We stepped inside and I saw a man I knew must be Korean. He was greeting everyone that was entering this large room where it looked like a party was being held. I asked if he was Korean and I quickly said “My husband is Korean” and pushed my husband forward. They spoke in Korean and soon we were ushered into the room and welcomed.

It turns out this was the celebration of the Korean restaurant opening (it opened officially the next day). There was food and entertainment and real Koreans! After trudging up stupid hills for the past hour it was amazing to walk into something like this. Apparently there was once a Korean restaurant here that had shut down but this man was reopening it.

The owner was really happy to have us unexpectedly arrive because apparently a honeymoon couple visiting for the opening brings good luck. That made me feel better about us gorging ourselves on all the free food!

There was a mix of people at the party but the Korean people there soon realised my husband was Korean (though some thought he might have been Japanese at first). There are only about 50 Koreans in Vanuatu so a new Korean face is a novelty. Most of the Korean men were much older than my husband but were so keen to talk to him. He collected several business cards.

The entertainment was traditional islander dances performed by dance troops that were really great. There was food in abundance- including a roast pig. It was amazing that we had stumbled across this just at the right time.

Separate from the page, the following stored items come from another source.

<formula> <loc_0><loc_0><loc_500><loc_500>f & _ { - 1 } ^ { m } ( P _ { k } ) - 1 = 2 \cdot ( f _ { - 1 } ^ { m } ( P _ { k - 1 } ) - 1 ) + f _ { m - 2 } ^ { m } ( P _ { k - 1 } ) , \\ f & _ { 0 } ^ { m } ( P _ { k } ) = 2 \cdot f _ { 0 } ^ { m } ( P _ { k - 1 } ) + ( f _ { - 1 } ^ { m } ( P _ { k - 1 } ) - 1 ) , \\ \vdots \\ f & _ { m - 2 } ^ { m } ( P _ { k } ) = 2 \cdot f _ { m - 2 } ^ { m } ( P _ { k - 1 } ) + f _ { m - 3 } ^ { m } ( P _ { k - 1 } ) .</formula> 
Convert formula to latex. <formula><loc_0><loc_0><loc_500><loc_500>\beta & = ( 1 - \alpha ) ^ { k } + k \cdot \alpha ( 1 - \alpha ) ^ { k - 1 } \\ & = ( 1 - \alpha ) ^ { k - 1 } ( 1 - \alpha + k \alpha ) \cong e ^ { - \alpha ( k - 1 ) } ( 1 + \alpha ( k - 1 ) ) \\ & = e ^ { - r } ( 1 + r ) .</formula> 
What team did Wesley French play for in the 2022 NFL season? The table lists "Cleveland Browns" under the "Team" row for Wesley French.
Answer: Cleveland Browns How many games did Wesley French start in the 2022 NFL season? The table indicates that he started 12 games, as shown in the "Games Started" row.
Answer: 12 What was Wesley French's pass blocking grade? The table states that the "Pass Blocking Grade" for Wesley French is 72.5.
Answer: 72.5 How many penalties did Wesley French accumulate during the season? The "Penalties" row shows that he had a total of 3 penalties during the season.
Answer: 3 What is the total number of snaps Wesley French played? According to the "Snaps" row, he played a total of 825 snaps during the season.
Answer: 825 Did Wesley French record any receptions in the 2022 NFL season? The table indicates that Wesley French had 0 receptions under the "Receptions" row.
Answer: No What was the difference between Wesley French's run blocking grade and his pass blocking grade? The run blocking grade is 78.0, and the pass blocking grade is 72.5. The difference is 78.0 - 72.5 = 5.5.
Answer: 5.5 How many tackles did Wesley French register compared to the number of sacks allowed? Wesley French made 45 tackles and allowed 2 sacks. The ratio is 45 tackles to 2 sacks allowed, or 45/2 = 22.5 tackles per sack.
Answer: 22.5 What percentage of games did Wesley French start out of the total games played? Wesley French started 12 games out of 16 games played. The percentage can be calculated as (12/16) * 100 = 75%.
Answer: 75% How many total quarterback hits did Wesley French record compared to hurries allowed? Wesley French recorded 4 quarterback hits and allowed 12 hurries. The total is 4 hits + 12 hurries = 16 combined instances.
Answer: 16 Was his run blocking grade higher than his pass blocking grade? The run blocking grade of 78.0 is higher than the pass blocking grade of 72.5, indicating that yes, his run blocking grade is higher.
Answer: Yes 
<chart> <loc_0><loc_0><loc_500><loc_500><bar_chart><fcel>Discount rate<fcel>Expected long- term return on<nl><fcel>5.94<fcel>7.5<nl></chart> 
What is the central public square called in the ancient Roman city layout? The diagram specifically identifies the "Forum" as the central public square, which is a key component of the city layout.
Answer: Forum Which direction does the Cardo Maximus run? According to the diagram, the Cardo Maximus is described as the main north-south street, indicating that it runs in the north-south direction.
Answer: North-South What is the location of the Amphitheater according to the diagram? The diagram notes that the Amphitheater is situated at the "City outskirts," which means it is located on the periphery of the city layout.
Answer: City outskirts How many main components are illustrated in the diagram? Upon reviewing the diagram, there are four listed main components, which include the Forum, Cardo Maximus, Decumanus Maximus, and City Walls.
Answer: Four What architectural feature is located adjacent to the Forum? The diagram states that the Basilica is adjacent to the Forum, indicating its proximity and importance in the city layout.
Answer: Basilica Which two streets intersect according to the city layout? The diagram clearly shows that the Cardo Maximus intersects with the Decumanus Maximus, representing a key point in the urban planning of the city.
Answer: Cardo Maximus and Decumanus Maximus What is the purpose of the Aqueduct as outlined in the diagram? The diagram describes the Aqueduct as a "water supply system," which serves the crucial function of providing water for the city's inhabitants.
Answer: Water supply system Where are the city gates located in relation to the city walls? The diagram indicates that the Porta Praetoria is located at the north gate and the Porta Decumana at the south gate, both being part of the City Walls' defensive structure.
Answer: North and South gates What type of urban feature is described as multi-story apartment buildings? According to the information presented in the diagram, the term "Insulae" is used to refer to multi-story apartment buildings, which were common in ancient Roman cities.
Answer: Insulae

One man in particular was very keen to talk to my husband. We were introduced to his family and invited to his home. It turns out he is one of the people importing Korean cars to Vanuatu! He’d come here and built up his business which was so successful he had recently built a large house. They have two young daughters who speak both English and Korean but also that night two other young Korean girls were staying so we were confronted with four very loud bilingual children! I went swimming with them while my husband retreated to the kitchen to talk with the father.

We had a really nice time with this family and were invited to stay with them next time we come back to Vanuatu. I have no idea how we managed to arrive at exactly the right time for the celebrations and then meet such lovely welcoming people. I would have given up half way but my husband insisted we were walking up the right hill. I’m guessing it really was his nose leading him towards the smell of food. Or maybe there was something more innate and he could sense where fellow Koreans were?

The next morning before our flight out we went back to the restaurant (this time we told a bus driver exactly where to go) and had a meal (will post review of it.) We talked again to some people we had met the night before- including the very kind owner. All too soon we had to leave.

Vanuatu is a really great country to visit. It is beautiful and the people there are so lovely. We had an awesome time and we did some amazing things and saw some amazing things. What happened on the last night was the least expected thing though!